How to Use the Custom YOLO Model

The objectDetector_Yolo sample application provides a working example of the open source YOLO models: YOLOv2, YOLOv3, tiny YOLOv2, tiny YOLOv3, and YOLOV3-SPP. You can find more information about the models here: https://pjreddie.com/darknet/yolo/. The sample also illustrates NVIDIA® TensorRT™ INT8 calibration (yolov3-calibration.table.trt7.0).

Set up the sample

Compile the open source model and run the DeepStream app as explained in the objectDetector_Yolo README. This is done to confirm that you can run the open source YOLO model with the sample app.

To use the custom YOLOv3 and tiny YOLOv3 models:

  1. Open nvdsinfer_custom_impl_Yolo/nvdsparsebbox_Yolo.cpp.

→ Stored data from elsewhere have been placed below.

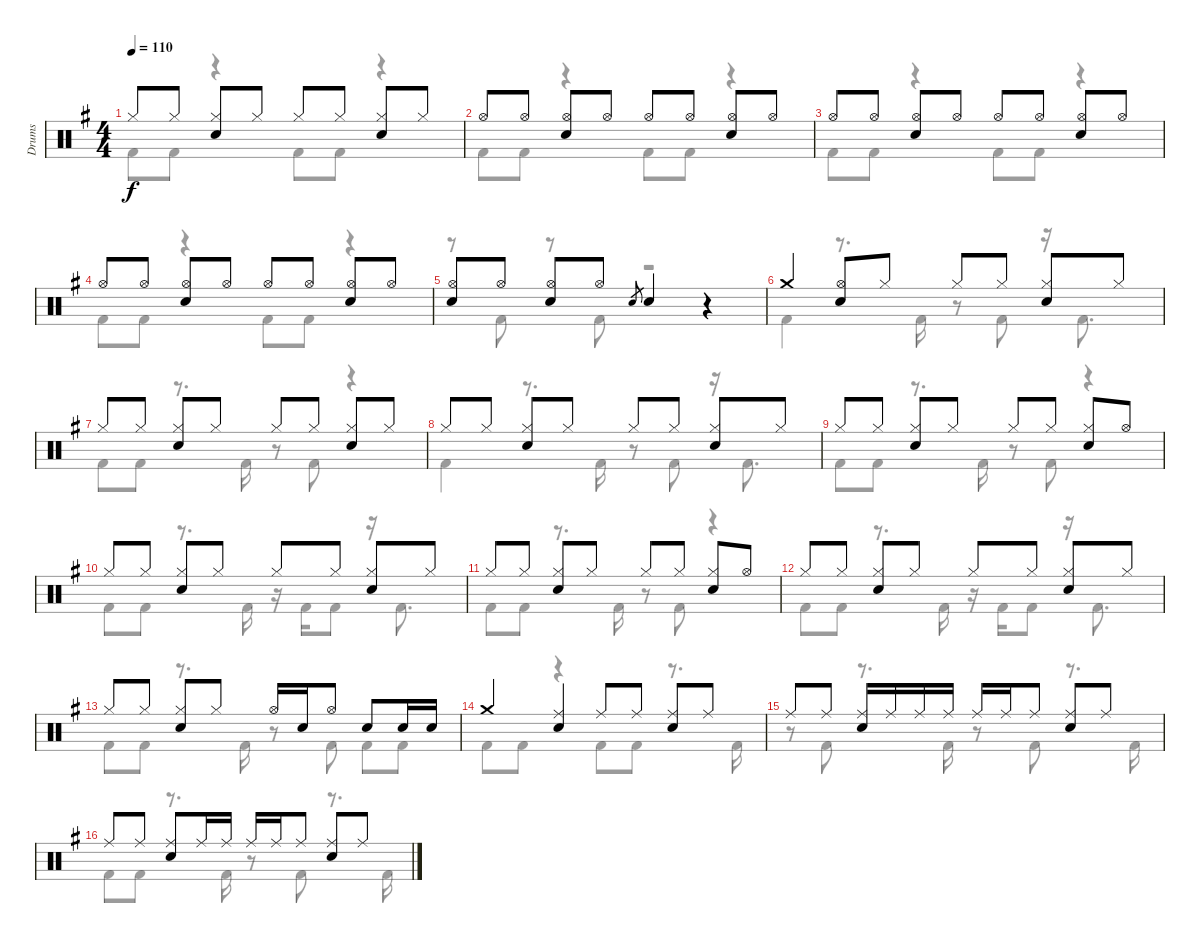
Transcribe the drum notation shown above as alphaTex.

\track ("Drums" "Drums") {instrument percussion}
\staff {score}
\articulation defaults
\voice
\ts (4 4)
\tempo 110
\clef neutral
\ks g "Hi-Hat (closed)".8{dy f} "Hi-Hat (closed)".8
("Hi-Hat (closed)" "Snare (hit) 2").8 "Hi-Hat (closed)".8 "Hi-Hat (closed)".8 "Hi-Hat (closed)".8 ("Hi-Hat (closed)" "Snare (hit) 2").8 "Hi-Hat (closed)".8 |
"Hi-Hat (open)".8 "Hi-Hat (open)".8 ("Hi-Hat (open)" "Snare (hit) 2").8 "Hi-Hat (open)".8 "Hi-Hat (open)".8 "Hi-Hat (open)".8 ("Hi-Hat (open)" "Snare (hit) 2").8 "Hi-Hat (open)".8 |
"Hi-Hat (open)".8 "Hi-Hat (open)".8 ("Hi-Hat (open)" "Snare (hit) 2").8 "Hi-Hat (open)".8 "Hi-Hat (open)".8 "Hi-Hat (open)".8 ("Hi-Hat (open)" "Snare (hit) 2").8 "Hi-Hat (open)".8 |
"Hi-Hat (open)".8 "Hi-Hat (open)".8 ("Hi-Hat (open)" "Snare (hit) 2").8 "Hi-Hat (open)".8 "Hi-Hat (open)".8 "Hi-Hat (open)".8 ("Hi-Hat (open)" "Snare (hit) 2").8 "Hi-Hat (open)".8 |
("Hi-Hat (open)" "Snare (hit) 2").8 "Hi-Hat (open)".8 ("Hi-Hat (open)" "Snare (hit) 2").8 "Hi-Hat (open)".8 "Snare (hit) 2".8{gr} "Snare (hit) 2".4 r.4 |
"Crash medium (hit)".4 ("Hi-Hat (open)" "Snare (hit) 2").8 "Hi-Hat (closed)".8 "Hi-Hat (closed)".8 "Hi-Hat (closed)".8 ("Hi-Hat (closed)" "Snare (hit) 2").8 "Hi-Hat (closed)".8 |
"Hi-Hat (closed)".8 "Hi-Hat (closed)".8 ("Hi-Hat (closed)" "Snare (hit) 2").8 "Hi-Hat (closed)".8 "Hi-Hat (closed)".8 "Hi-Hat (closed)".8 ("Hi-Hat (closed)" "Snare (hit) 2").8 "Hi-Hat (closed)".8 |
"Hi-Hat (closed)".8 "Hi-Hat (closed)".8 ("Hi-Hat (closed)" "Snare (hit) 2").8 "Hi-Hat (closed)".8 "Hi-Hat (closed)".8 "Hi-Hat (closed)".8 ("Hi-Hat (closed)" "Snare (hit) 2").8 "Hi-Hat (closed)".8 |
"Hi-Hat (closed)".8 "Hi-Hat (closed)".8 ("Hi-Hat (closed)" "Snare (hit) 2").8 "Hi-Hat (closed)".8 "Hi-Hat (closed)".8 "Hi-Hat (closed)".8 ("Hi-Hat (closed)" "Snare (hit) 2").8 "Hi-Hat (open)".8 |
"Hi-Hat (closed)".8 "Hi-Hat (closed)".8 ("Hi-Hat (closed)" "Snare (hit) 2").8 "Hi-Hat (closed)".8 "Hi-Hat (closed)".8 "Hi-Hat (closed)".8 ("Hi-Hat (closed)" "Snare (hit) 2").8 "Hi-Hat (closed)".8 |
"Hi-Hat (closed)".8 "Hi-Hat (closed)".8 ("Hi-Hat (closed)" "Snare (hit) 2").8 "Hi-Hat (closed)".8 "Hi-Hat (closed)".8 "Hi-Hat (closed)".8 ("Hi-Hat (closed)" "Snare (hit) 2").8 "Hi-Hat (open)".8 |
"Hi-Hat (closed)".8 "Hi-Hat (closed)".8 ("Hi-Hat (closed)" "Snare (hit) 2").8 "Hi-Hat (closed)".8 "Hi-Hat (closed)".8 "Hi-Hat (closed)".8 ("Hi-Hat (closed)" "Snare (hit) 2").8 "Hi-Hat (closed)".8 |
"Hi-Hat (closed)".8 "Hi-Hat (closed)".8 ("Hi-Hat (closed)" "Snare (hit) 2").8 "Hi-Hat (closed)".8 "Hi-Hat (open)".16 "Snare (hit) 2".16 "Hi-Hat (open)".8 "Snare (hit) 2".8 "Snare (hit) 2".16 "Snare (hit) 2".16 |
"Crash medium (hit)".4 ("Ride (middle)" "Snare (hit) 2").4 "Ride (middle)".8 "Ride (middle)".8 ("Ride (middle)" "Snare (hit) 2").8 "Ride (middle)".8 |
"Ride (middle)".8 "Ride (middle)".8 ("Ride (middle)" "Snare (hit) 2").16 "Ride (middle)".16 "Ride (middle)".16 "Ride (middle)".16 "Ride (middle)".16 "Ride (middle)".16 "Ride (middle)".8 ("Ride (middle)" "Snare (hit) 2").8 "Ride (middle)".8 |
"Ride (middle)".8 "Ride (middle)".8 ("Ride (middle)" "Snare (hit) 2").8 "Ride (middle)".16 "Ride (middle)".16 "Ride (middle)".16 "Ride (middle)".16 "Ride (middle)".8 ("Ride (middle)" "Snare (hit) 2").8 "Ride (middle)".8
\voice
\clef neutral
\ottava regular
\simile none
\ks g "Kick (hit) 2".8{dy f} "Kick (hit) 2".8
r.4 "Kick (hit) 2".8 "Kick (hit) 2".8 r.4 |
"Kick (hit) 2".8 "Kick (hit) 2".8 r.4 "Kick (hit) 2".8 "Kick (hit) 2".8 r.4 |
"Kick (hit) 2".8 "Kick (hit) 2".8 r.4 "Kick (hit) 2".8 "Kick (hit) 2".8 r.4 |
"Kick (hit) 2".8 "Kick (hit) 2".8 r.4 "Kick (hit) 2".8 "Kick (hit) 2".8 r.4 |
r.8 "Kick (hit) 2".8 r.8 "Kick (hit) 2".8 r.2 |
"Kick (hit) 2".4 r.8{d} "Kick (hit) 2".16 r.8 "Kick (hit) 2".8 r.16 "Kick (hit) 2".8{d} |
"Kick (hit) 2".8 "Kick (hit) 2".8 r.8{d} "Kick (hit) 2".16 r.8 "Kick (hit) 2".8 r.4 |
"Kick (hit) 2".4 r.8{d} "Kick (hit) 2".16 r.8 "Kick (hit) 2".8 r.16 "Kick (hit) 2".8{d} |
"Kick (hit) 2".8 "Kick (hit) 2".8 r.8{d} "Kick (hit) 2".16 r.8 "Kick (hit) 2".8 r.4 |
"Kick (hit) 2".8 "Kick (hit) 2".8 r.8{d} "Kick (hit) 2".16 r.16 "Kick (hit) 2".16 "Kick (hit) 2".8 r.16 "Kick (hit) 2".8{d} |
"Kick (hit) 2".8 "Kick (hit) 2".8 r.8{d} "Kick (hit) 2".16 r.8 "Kick (hit) 2".8 r.4 |
"Kick (hit) 2".8 "Kick (hit) 2".8 r.8{d} "Kick (hit) 2".16 r.16 "Kick (hit) 2".16 "Kick (hit) 2".8 r.16 "Kick (hit) 2".8{d} |
"Kick (hit) 2".8 "Kick (hit) 2".8 r.8{d} "Kick (hit) 2".16 r.8 "Kick (hit) 2".8 "Kick (hit) 2".8 "Kick (hit) 2".8 |
"Kick (hit) 2".8 "Kick (hit) 2".8 r.4 "Kick (hit) 2".8 "Kick (hit) 2".8 r.8{d} "Kick (hit) 2".16 |
r.8 "Kick (hit) 2".8 r.8{d} "Kick (hit) 2".16 r.8 "Kick (hit) 2".8 r.8{d} "Kick (hit) 2".16 |
"Kick (hit) 2".8 "Kick (hit) 2".8 r.8{d} "Kick (hit) 2".16 r.8 "Kick (hit) 2".8 r.8{d} "Kick (hit) 2".16
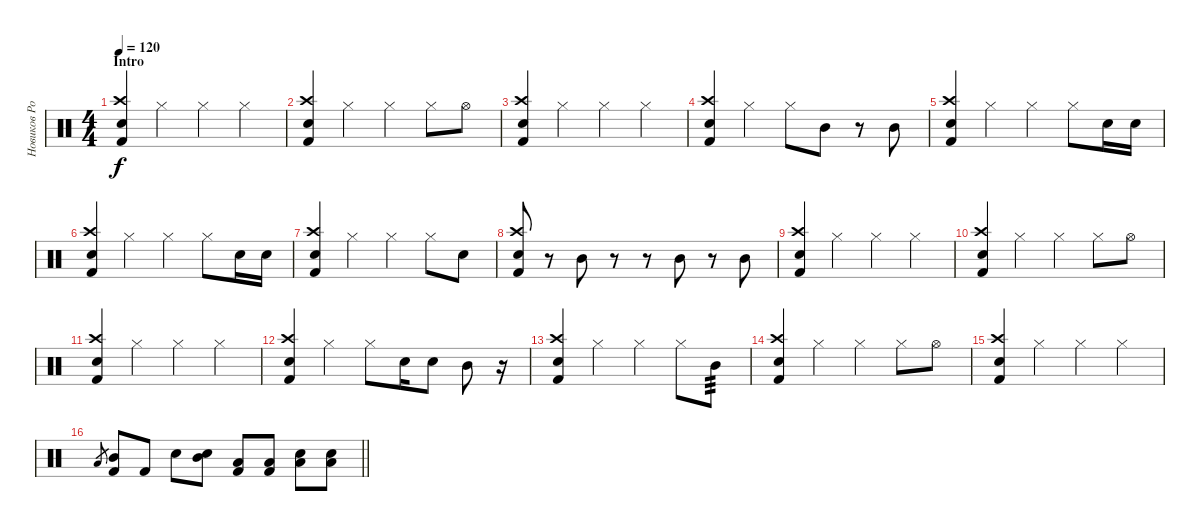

  2. Change the value of the NUM_CLASSES_YOLO constant to reflect the number of classes in your model. For example, if your model uses 80 classes:

    static const int NUM_CLASSES_YOLO = 80;
    
  1. Replace the model parameters with your new model parameters in NvDsInferParseCustomYoloV3() (if you are using the YOLOv3) or NvDsInferParseCustomYoloV3Tiny() (if you are using tiny YOLOv3). Taking YOLOv3 as an example:

    extern "C" bool NvDsInferParseCustomYoloV3(
     std::vector<NvDsInferLayerInfo> const& outputLayersInfo,
     NvDsInferNetworkInfo const& networkInfo,
     NvDsInferParseDetectionParams const& detectionParams,
     std::vector<NvDsInferParseObjectInfo>& objectList)
    {
      . . .
       ## 9 clusters from COCO dataset
       const std::vector<float> kANCHORS =
       {10.0, 13.0, 16.0, 30.0, 33.0, 23.0, 30.0, 61.0, 62.0,
       45.0, 59.0, 119.0, 116.0, 90.0, 156.0, 198.0, 373.0, 326.0};
    
      ## Specifies which of the 9 anchors above to use
      static const std::vector<std::vector<int>> kMASKS = {
       {6, 7, 8},
       {3, 4, 5},
       {0, 1, 2}};
    }
    
  2. Update the corresponding NMS IOU Threshold and confidence threshold in the nvinfer plugin config file. Set the cluster-mode=2 to select NMS algorithm.

    [class-attrs-all]
    nms-iou-threshold=0.3
    pre-cluster-threshold=0.7
    

To use custom models of YOLOv2 and YOLOv2-tiny

  1. Open nvdsinfer_custom_impl_Yolo/nvdsparsebbox_Yolo.cpp.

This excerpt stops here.